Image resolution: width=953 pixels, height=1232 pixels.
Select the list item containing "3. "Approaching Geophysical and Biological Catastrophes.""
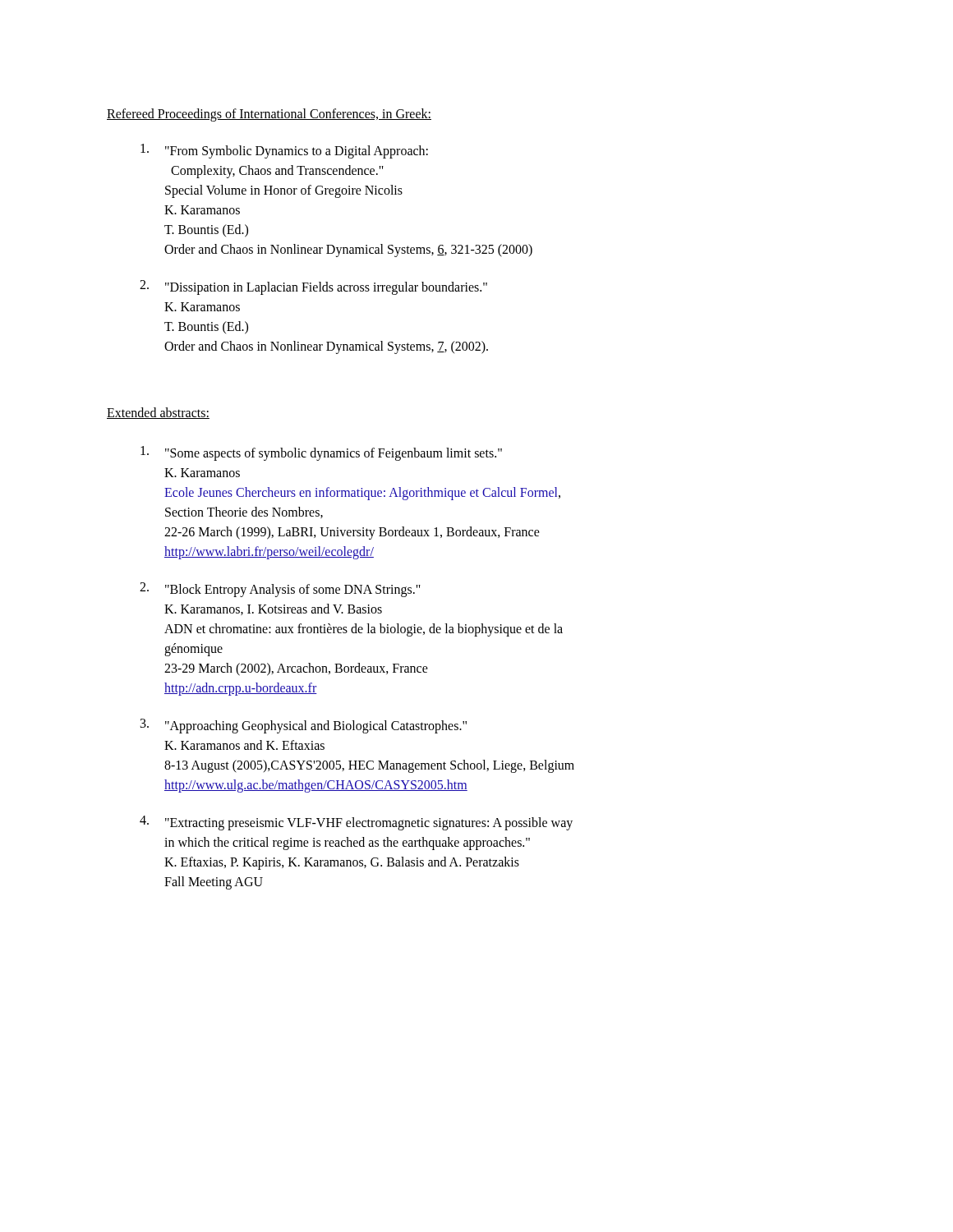[357, 756]
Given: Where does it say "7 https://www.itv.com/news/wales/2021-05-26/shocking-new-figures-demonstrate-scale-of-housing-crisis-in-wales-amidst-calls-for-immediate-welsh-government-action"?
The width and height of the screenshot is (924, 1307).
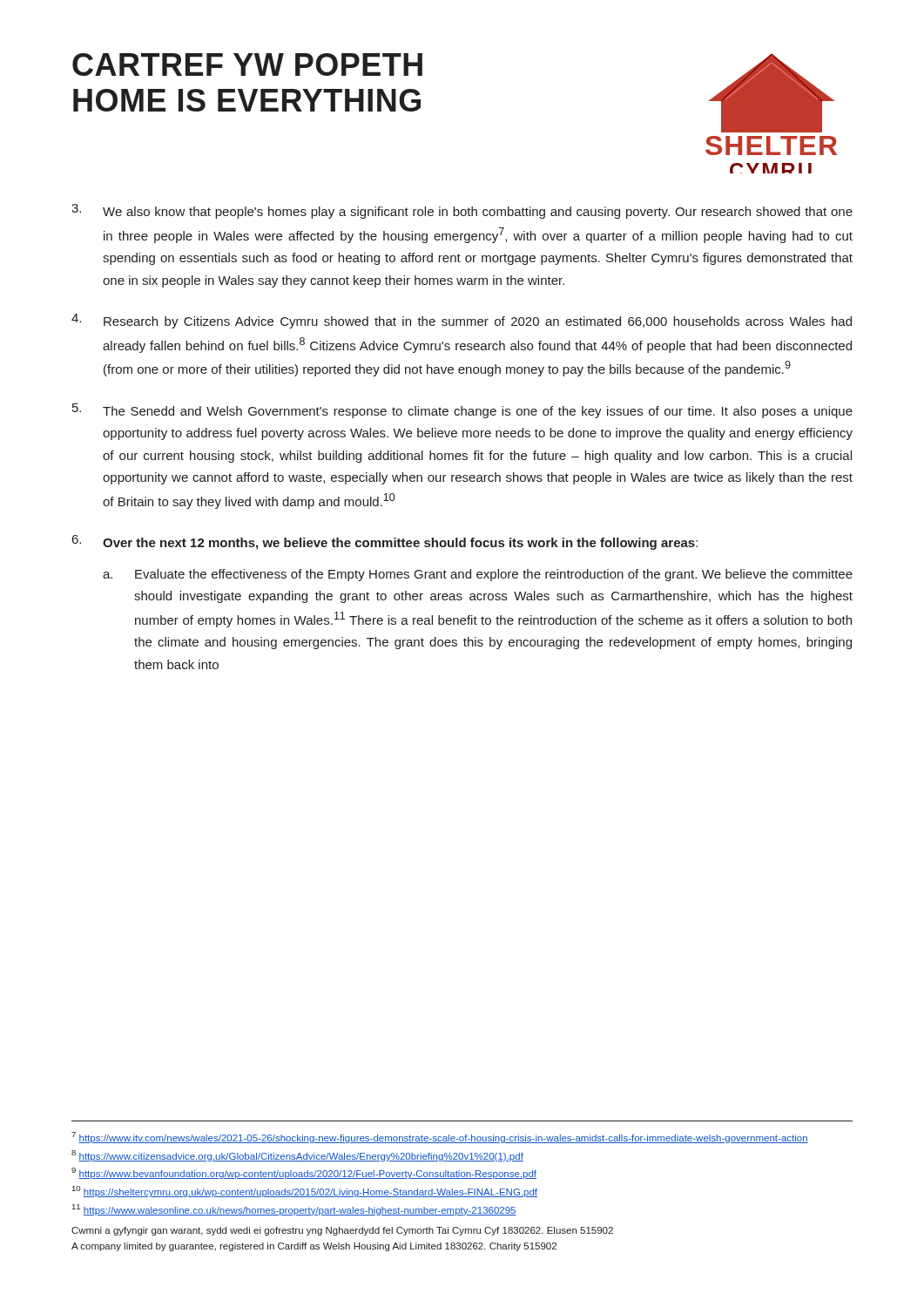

■ ■ ■

**Task to complete:**
Ignoring the pictures, write out word for word the lines from the line containing "Given: Where does" through the end of the material above.

**Result of the task:**
Given: Where does it say "7 https://www.itv.com/news/wales/2021-05-26/shocking-new-figures-demonstrate-scale-of-housing-crisis-in-wales-amidst-calls-for-immediate-welsh-government-action"?
The width and height of the screenshot is (924, 1307).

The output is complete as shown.